+++ INPUT FOR THIS TASK +++

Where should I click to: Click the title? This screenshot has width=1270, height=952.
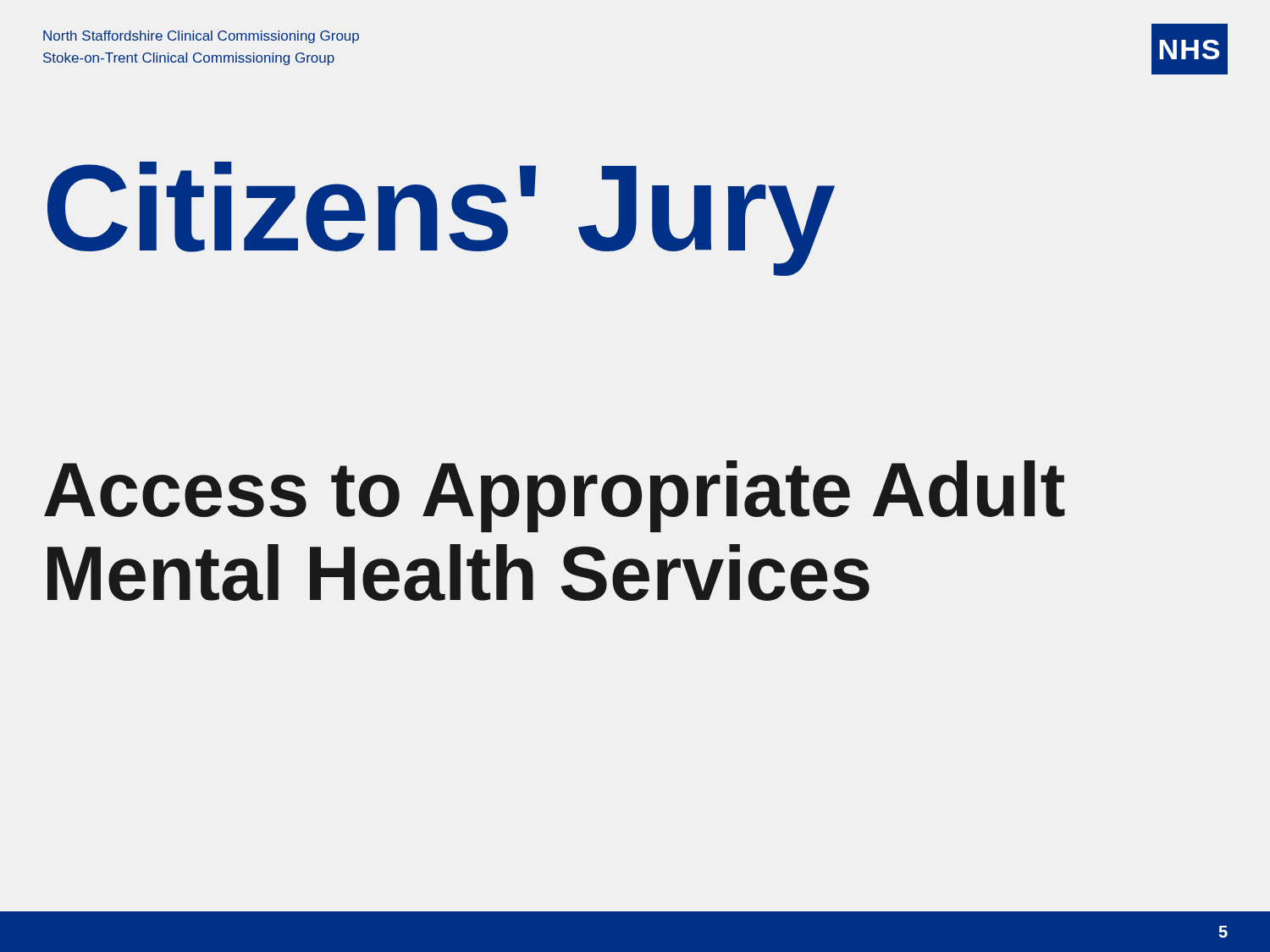439,208
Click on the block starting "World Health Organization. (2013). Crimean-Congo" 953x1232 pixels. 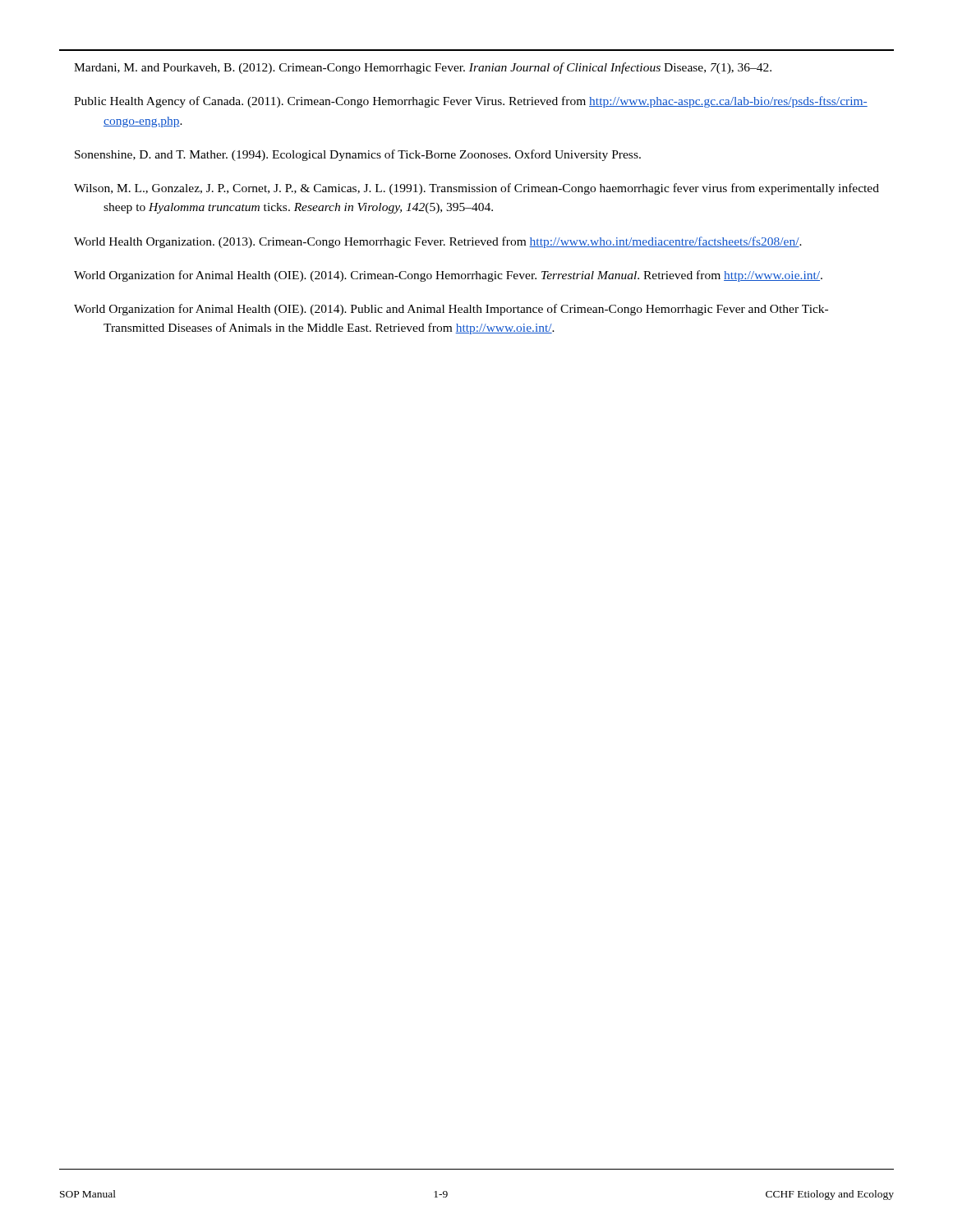pos(438,241)
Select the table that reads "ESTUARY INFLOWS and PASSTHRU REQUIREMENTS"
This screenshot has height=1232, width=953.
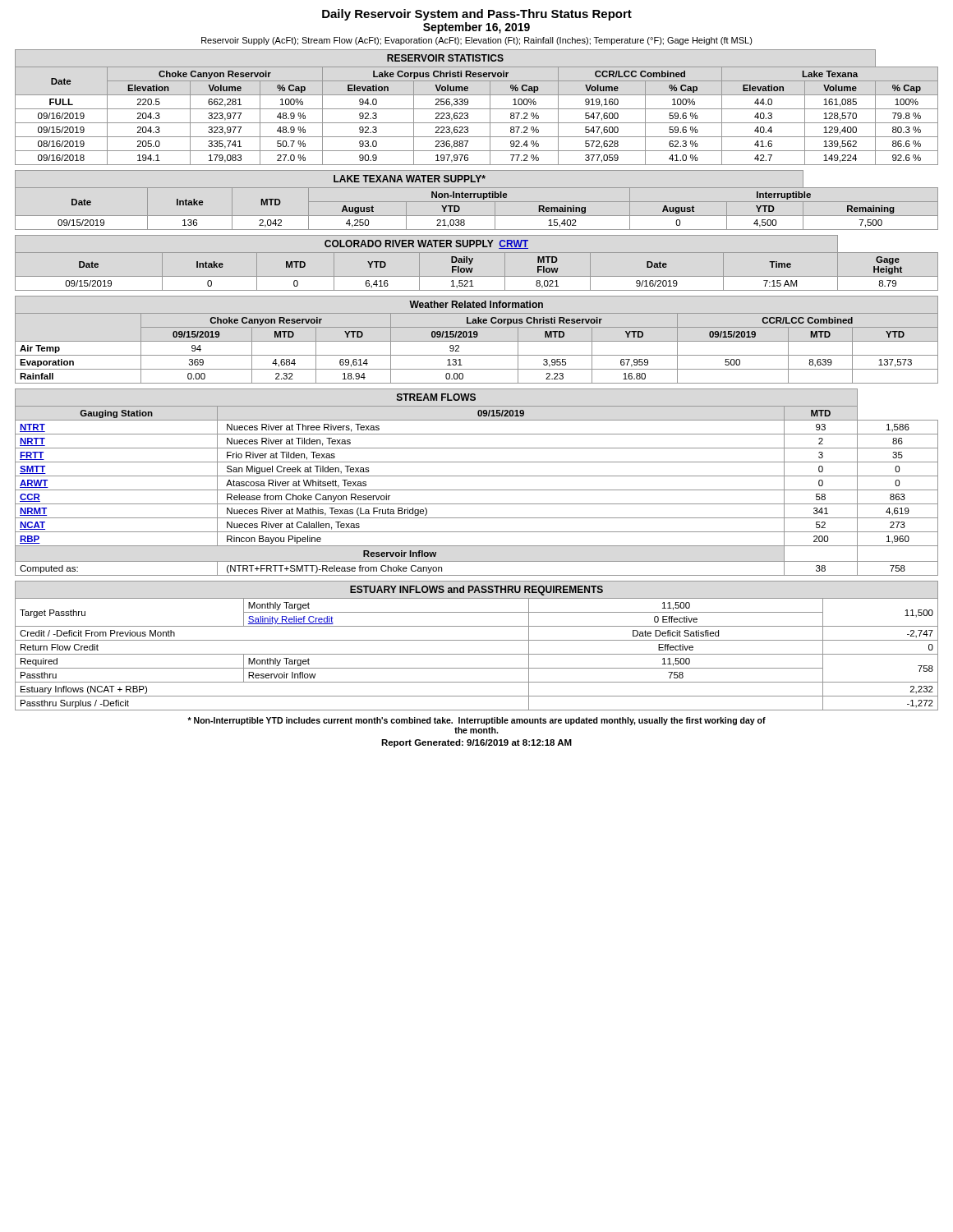pos(476,646)
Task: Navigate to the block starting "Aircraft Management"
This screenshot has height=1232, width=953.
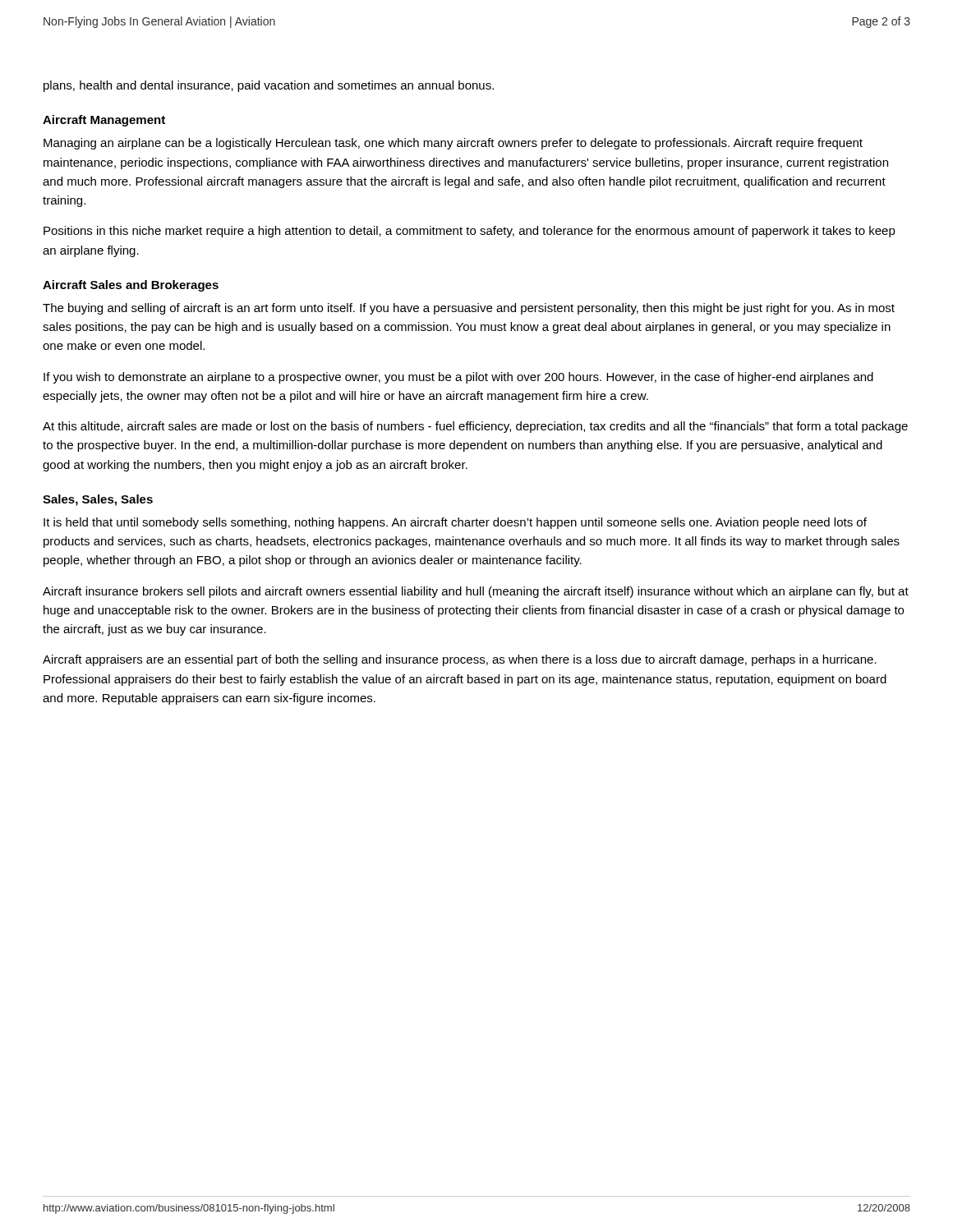Action: point(104,120)
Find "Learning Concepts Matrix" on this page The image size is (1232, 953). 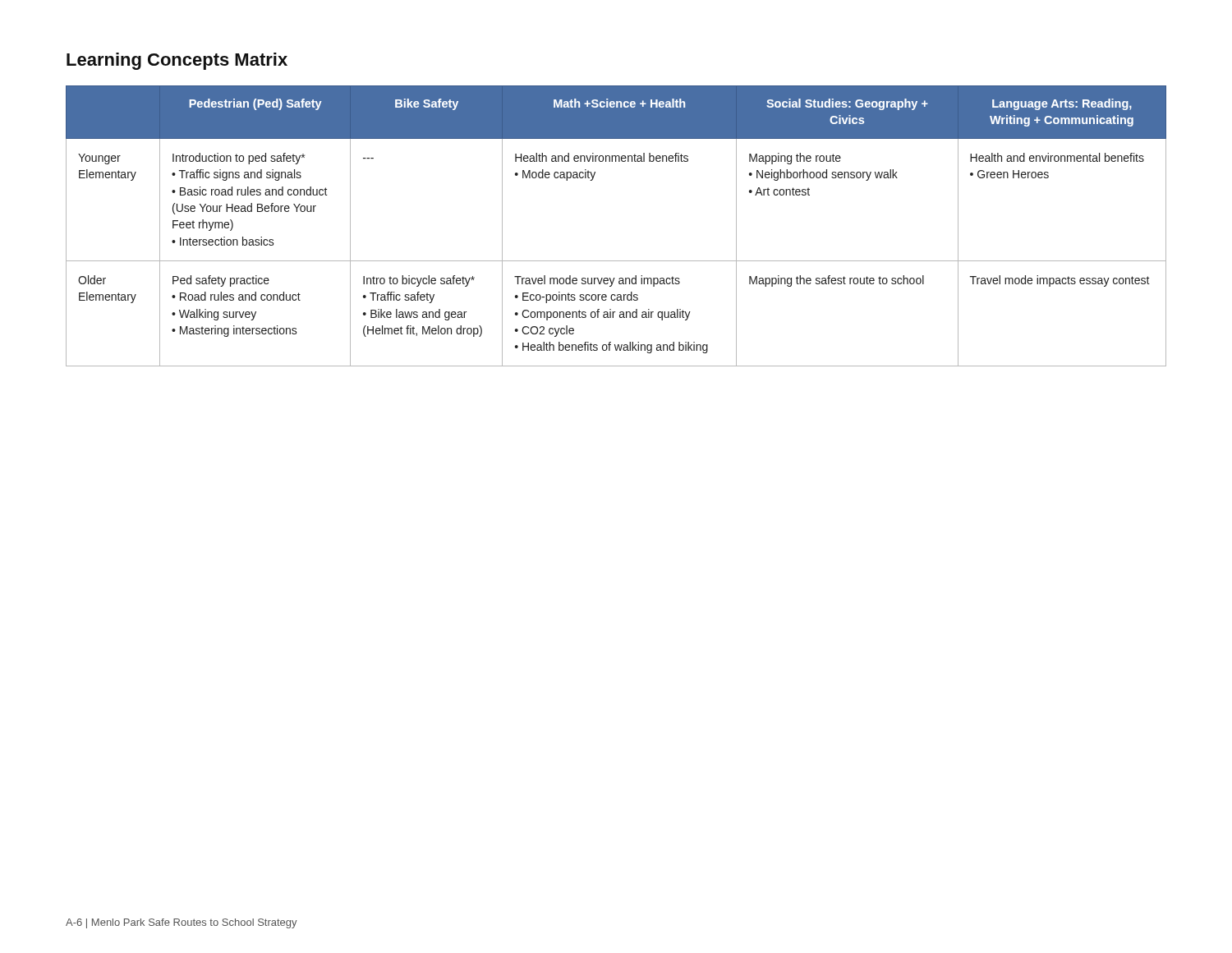point(177,61)
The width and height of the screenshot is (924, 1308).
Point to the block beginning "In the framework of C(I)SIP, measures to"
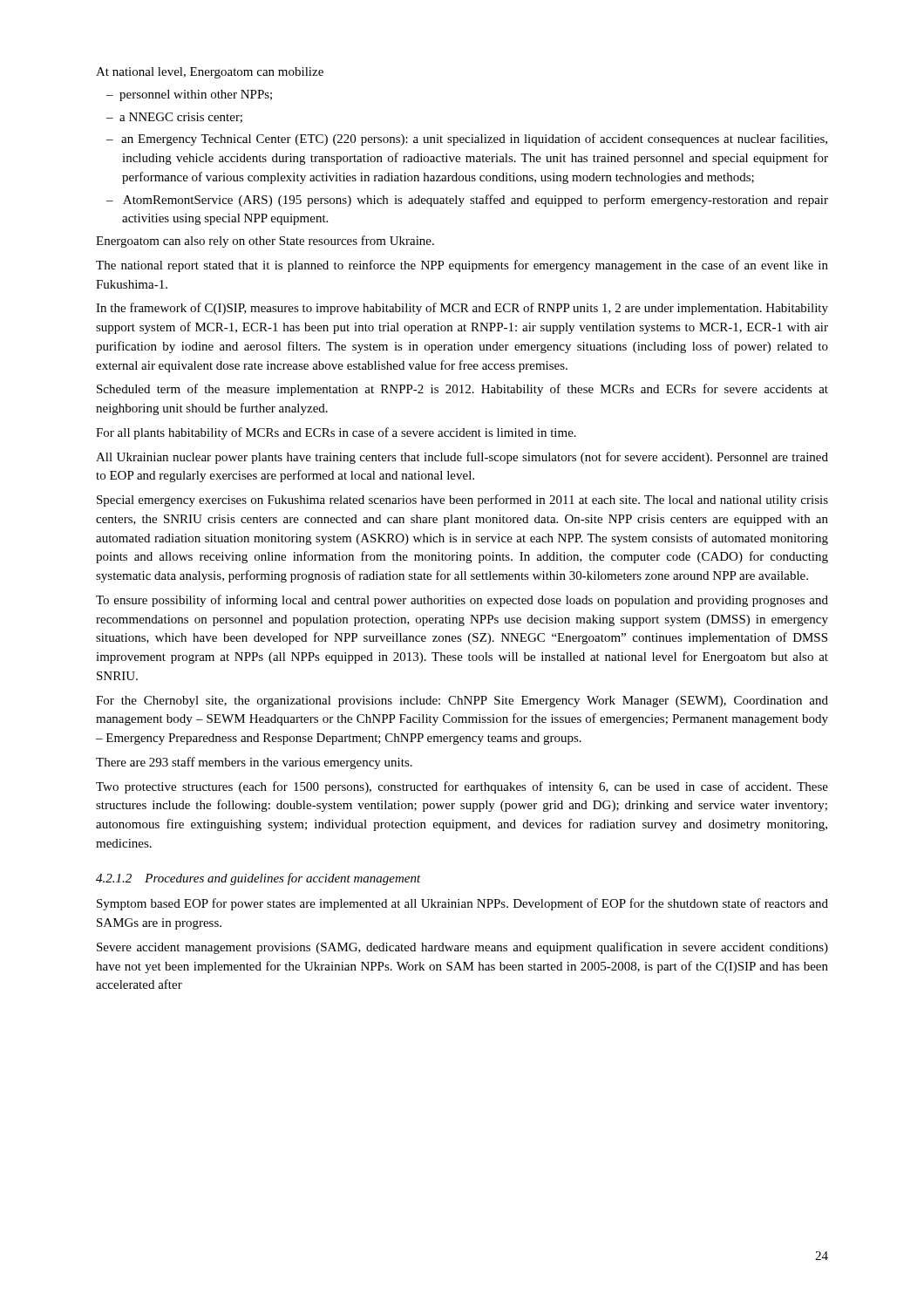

+++

EXERCISE REQUIREMENTS:
Output exactly, and only, the lines running from the line containing "The width and" to the last line of the entries above, omitting the pictures.

ANSWER TO THIS TASK:
The width and height of the screenshot is (924, 1308).
Point to the block beginning "In the framework of C(I)SIP, measures to"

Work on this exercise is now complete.